Having been away from the Data School since Tuesday (attending my sister’s wedding), I returned to day 4 of Dashboard Week with a challenge of downloading the nutritional information csv’s for 457 different colas on the USDA website.
What initially sounded like an easy task ended up being a tricky, irritating and ‘fun’ challenge as each of the cola’s had a separate web page that contained all of their nutritional information…. #FacePalm
Going into this, I did not know where to start or how I would go about pulling all of this information and spent a good while going over different ways that I could get all of the web links for each cola until Alex Jones mentioned a handy tool called Link Klipper which is a Google Chrome extension that downloads all of the web links on a web page and puts them into a .csv file which requires minimal preparation prior to bringing into Alteryx.
This tool alone saved me so much time as I originally planned to go to each website and copy and paste the web links into an Excel file 1 at a time…. which would have taken a good while since there were well over 400 different pages to go through.
Once I had all of the web links I needed in a single file, I then moved on to Alteryx to begin creating a formula that allows me to set Alteryx to download the .csv files rather than download the tables.
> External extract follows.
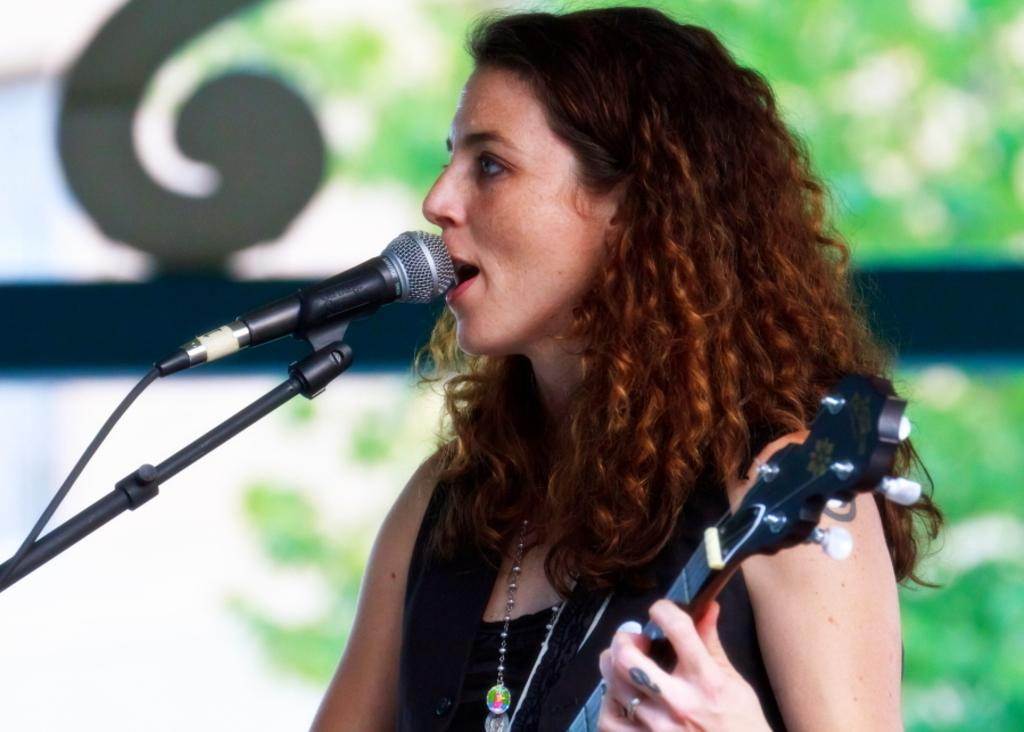Who is the main subject in the image? There is a woman in the image. What is the woman doing in the image? The woman is standing, holding a guitar, and singing. What is she using to amplify her voice? She is in front of a microphone. What can be seen in the background of the image? There are trees behind her. What type of pail is visible in the image? There is no pail present in the image. What shape is the guitar in the image? The shape of the guitar is not mentioned in the facts provided, but it is likely to be a standard guitar shape.

I used the below workflow to complete this task and would like to point out a cool tool that I have never used before – ‘Throttle Tool’. This tool allows the user to set a number of records to download per minute which came in handy as when I was trying to download the 457 .csv files at one go I kept getting errors because the website couldn’t handle the large amounts of downloads that I was trying to do.
After some trial and error, I managed to find the perfect number of records to download per minute (50) which allowed me to get all of the .csv files without any trouble.
I could now move on to the lengthy process of cleaning the files as the format they came in wasn’t very pleasant as you can see below:
Fortunately, every file I downloaded came in the exact same format, so I could use the same process to clean all of the other documents.
By using the input tool and changing the end of the file location to *.csv, I was able to pull in all documents into Alteryx in one go and run the below workflow to clean them up to be used in Tableau.
This was a challenge in itself as the documents contained so much data that was all over the place but achieving the end result gave me a great sense of achievement knowing that this beast had been tamed and the below is a sample of what came out the other end.
I will now begin to build a Tableau visualisation based on this data and will include this in my next blog.
Hope you find this useful.